STATEMENT OF GOVERNMENT INTEREST

The invention described herein may be manufactured and used by or for the Government of the United States of America for governmental purposes without the payment of any royalties thereon or therefore.

CROSS REFERENCE TO OTHER RELATED APPLICATIONS

Not applicable.

BACKGROUND OF THE INVENTION

(1) Field of the Invention

The present invention relates to sensors, and more specifically to a method and apparatus of utilizing a single sensor to indicate the occurrence of many different types of events.

(2) Description of the Prior Art

Due to ongoing research, sensors continue to become smaller and less expensive. There are scenarios where it may be useful and practical to distribute many thousands of sensors in an area to perform various detection and monitoring tasks. Creating a sensor system wherein the sensors are capable of sensing their environment is a fairly simple endeavor. In comparison, however, providing a method for the sensors to transmit information to an end user concerning what the sensors have sensed is far more complicated. One technique for a sensor to provide information to an end user concerning an event that has been sensed is to have a sensor detonate a small explosive charge when certain sensing criteria are determined by the sensor, such as sensing the passing of a certain target signature or sensing a certain chemical. Obviously there are limitations to using explosive charges as indication means. An explosive charge is a single use indication means that can only provide a minimum of details about the occurrence of an event. What is needed is a method and apparatus that enables a sensor with a single use indication means to transmit a greater quantity of information about a single event or a series of events.

SUMMARY OF THE INVENTION

It is a general purpose and object of the present invention to establish a sensor system of sensors with single-use indication means (such as an explosive charge) and enable the single-use indication means to transmit either more information about a single event, or to transmit information about more than one sensed event.

This object is accomplished by coupling a highly accurate chronometer to each sensor.
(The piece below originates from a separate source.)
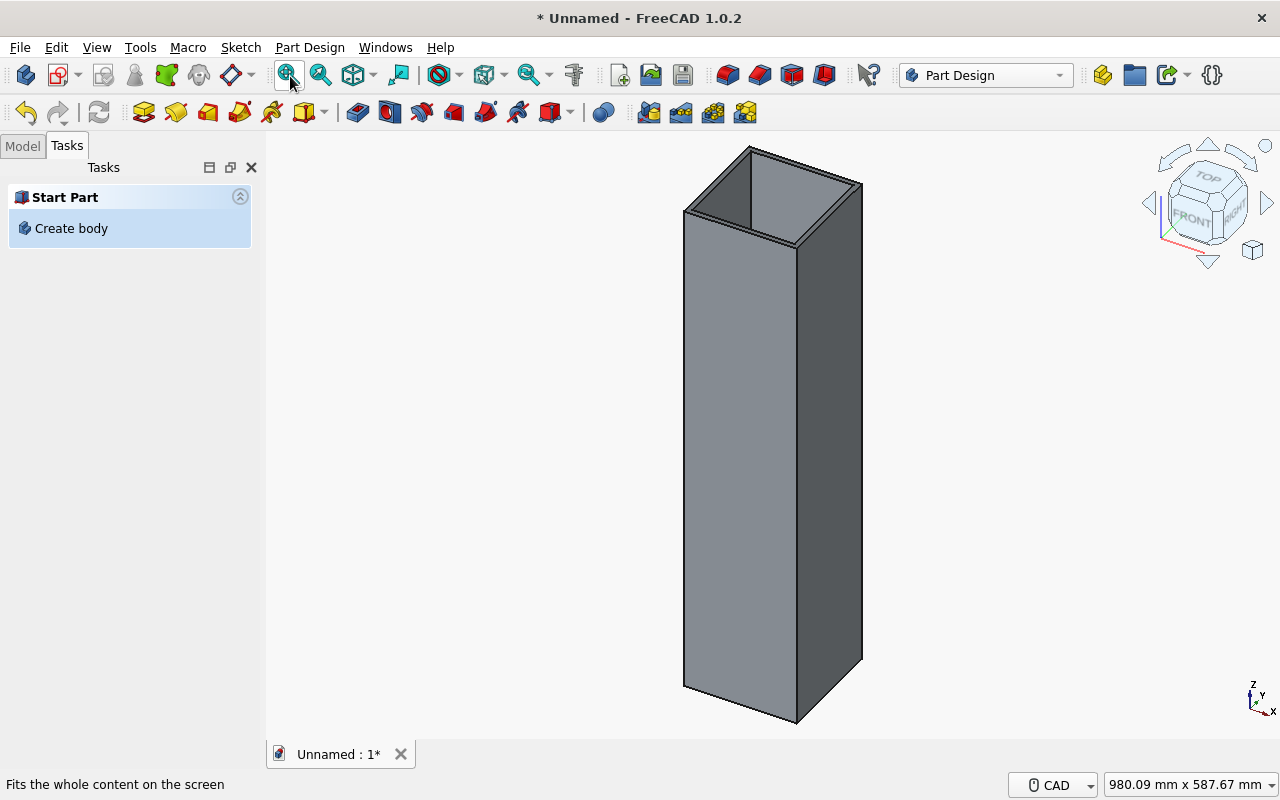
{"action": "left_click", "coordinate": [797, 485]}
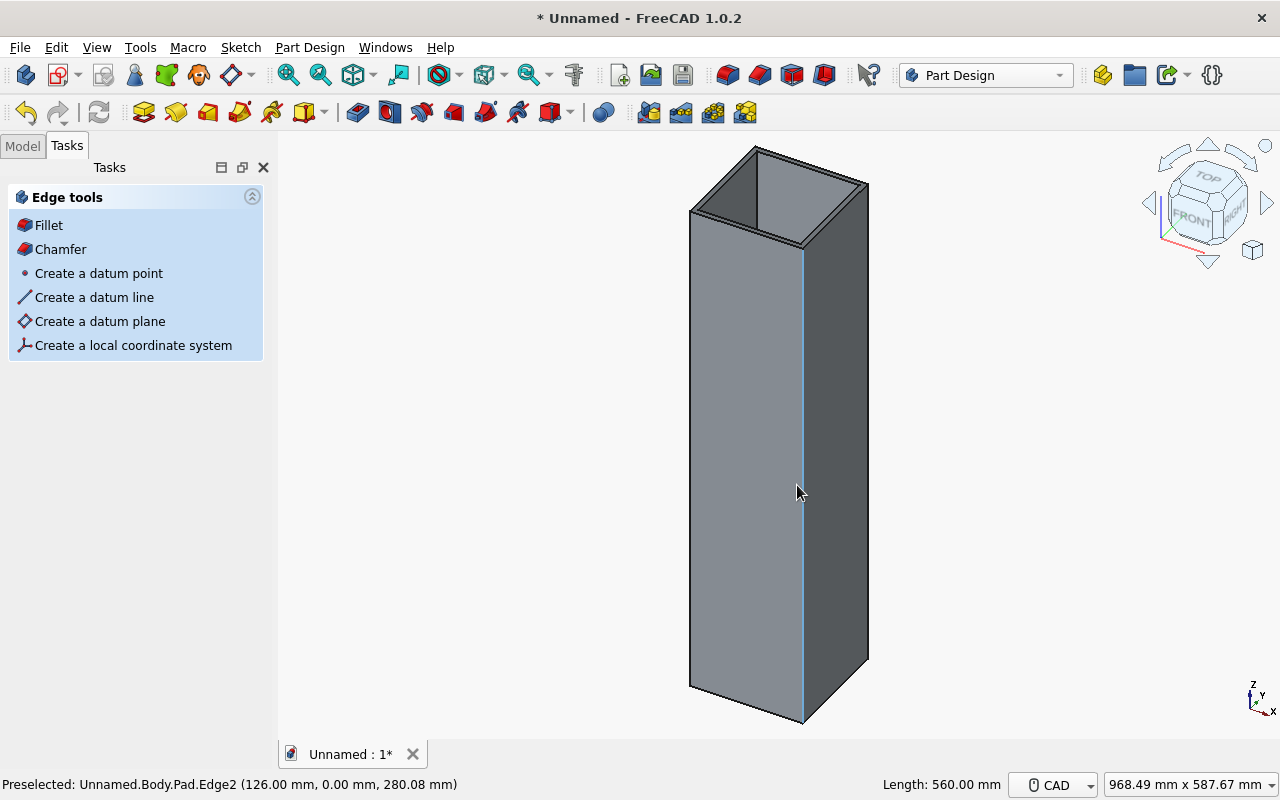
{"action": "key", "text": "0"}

The sensors are chronologically synchronized with a monitor, and programmed to indicate an event through a single-use indication means at specific time intervals wherein each specific time interval corresponds to a particular sensed event or to information about a sensed event. The monitor records each indication time and interprets the associated time keyed event according to the time interval of the indication time.
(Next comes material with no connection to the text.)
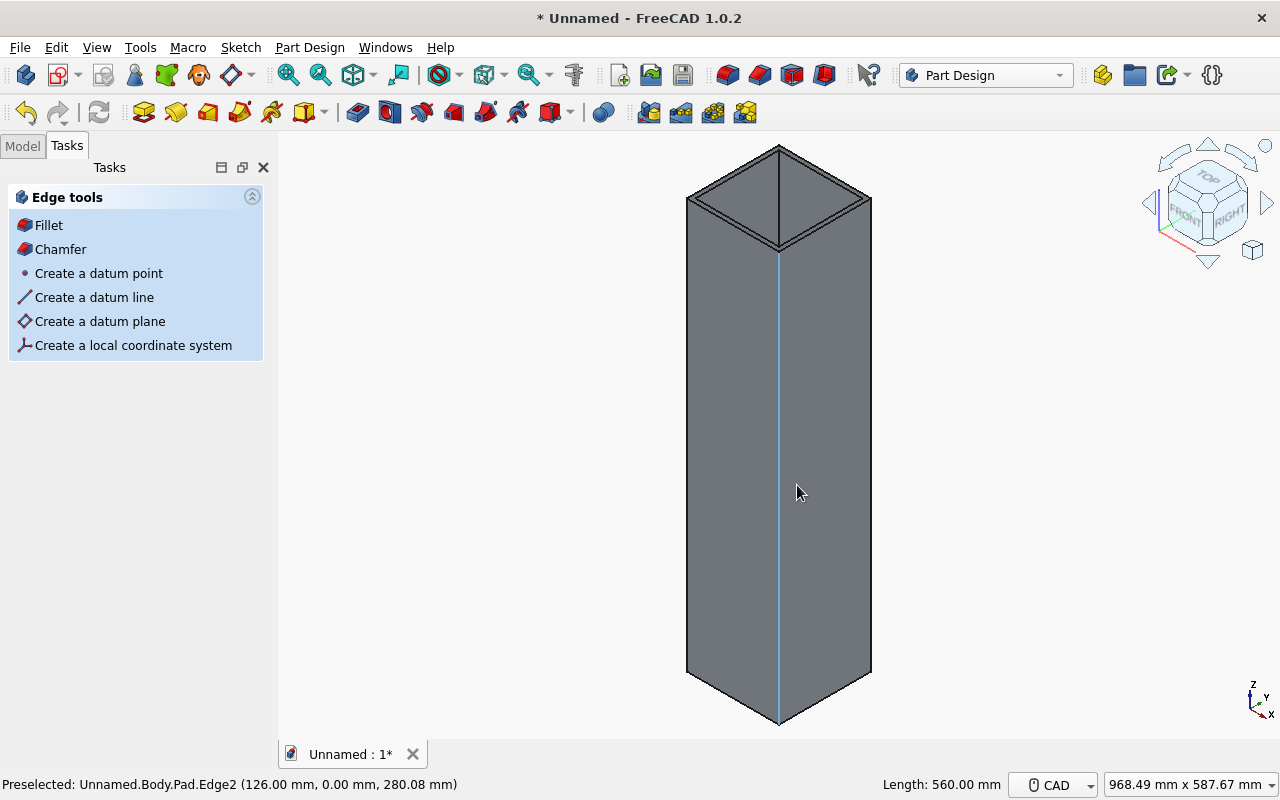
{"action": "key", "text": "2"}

BRIEF DESCRIPTION OF THE DRAWINGS

A more complete understanding of the invention and many of the attendant advantages thereto will be readily appreciated as the same becomes better understood by reference to the following detailed description when considered in conjunction with the accompanying drawings wherein:

FIG. 1 is a block diagram of the apparatus sensor system;

FIG. 2 is a flow chart of the method to transmit sensor information.

DESCRIPTION OF THE PREFERRED EMBODIMENT

Referring now to FIG. 1 there is illustrated a block diagram of the apparatus of a sensor system 10 composed of multiple programmable sensors 12 and a central monitor 14. The central monitor 14 is designed with a highly accurate chronometric capability that serves as a master clock 16. Each individual sensor in the sensor system is also designed with a highly accurate chronometric capability 15. All of the sensors in the system are chronometrically synchronized with each other prior to deployment using the master clock 16, or an external reference such as the Global Positioning System as the primary chronometric reference of synchronization. Synchronization of all the sensor chronometers can be accomplished through several means, such as an electronic serial, audio, infrared, or radio frequency connection, between all of the chronometers 15 and the master clock 16.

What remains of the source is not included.